Redução no quorum da CTNBio
"Os parlamentares e as entidades representativas do agronegócio desejam que a composição da CTNBio seja reduzida e que as deliberações sejam por maioria simples dos presentes. Não aceitei sequer discutir mudanças na composição da CTNBio e rejeitei qualquer possibilidade de deliberações por maioria simples. Estou propondo um quorum qualificado de maioria absoluta dos membros, que é o mesmo que usamos no Congresso Nacional para um Projeto de Lei Complementar à Constituição. Mesmo uma mudança na Constituição exige um quorum de 3/5 dos integrantes da Câmara e do Senado, quorum inferior aos 2/3 hoje exigidos para deliberações na CTNBio. Entendo que maioria absoluta resguarda um interesse público sem ceder às tentativas de chantagem ideológica presentes neste debate."
"Preconceito e desinformação"
"Eu não sou daqueles que acreditam que a biotecnologia e a transgenia são a solução para todos os problemas da agricultura e da medicina. Na minha opinião, quem se diz a favor de qualquer transgênico é tão fundamentalista como quem se diz contra a priori qualquer possibilidade de utilização da engenharia genética. É impressionante como se busca, com meia dúzia de frases feitas, semear o preconceito e estimular a desinformação. Cada mudança genética é um exemplo específico que deve ser analisado em separado e aprovado ou não em função de premissas obrigatórias como a biossegurança e condicionado também por aspectos de natureza econômica, social, ambiental e, até mesmo, cultural."
Críticas à visão “stalinista” da esquerda
"A esquerda sempre foi a favor da ciência, da evolução, do conhecimento e da pesquisa.

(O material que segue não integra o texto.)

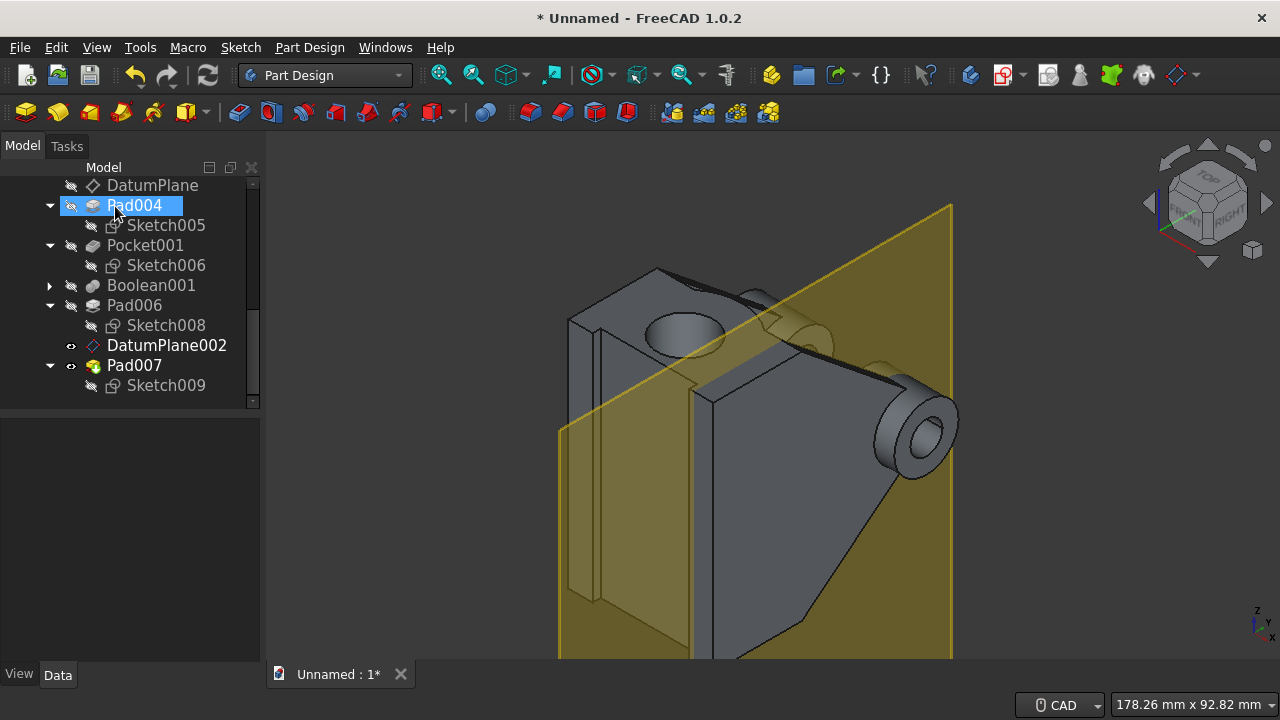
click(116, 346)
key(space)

Isto é uma manipulação primária com forte viés stalinista de setores que intitulam-se donos da verdade e atacam no geral, sem argumentos sólidos, os que pensam diferente. Cuba é um dos países que mais investem em biotecnologia, tanto na agricultura como na saúde. Será que o Fidel Castro está “a serviço” da Monsanto? Por que debater transgênicos como se a soja RR fosse a única utilização possível dessa tecnologia, omitindo conscientemente tudo o que a Embrapa tem feito, as pesquisas da Fundação Oswaldo Cruz – instituição reconhecida internacionalmente pela qualidade e seriedade do trabalho desenvolvido – e o que a pesquisa nacional já desenvolveu para o feijão, batata, banana, mamão, e que poderia, certamente, ser uma importante ferramenta para a agricultura familiar? Não aceito hipocrisia nesse debate. Setores que vêm a público se manifestar a priori contra qualquer transgênico, na hora de plantar, 100% dos seus associados utilizam semente transgênica revelando uma brutal contradição entre o discurso necessário pelo receio do patrulhamento e a realidade de quem produz. São vários os petistas que pensam como eu, deputados vereadores, agricultores, cientistas que têm procurado estudar e compreender este complexo processo do qual não podemos nos omitir."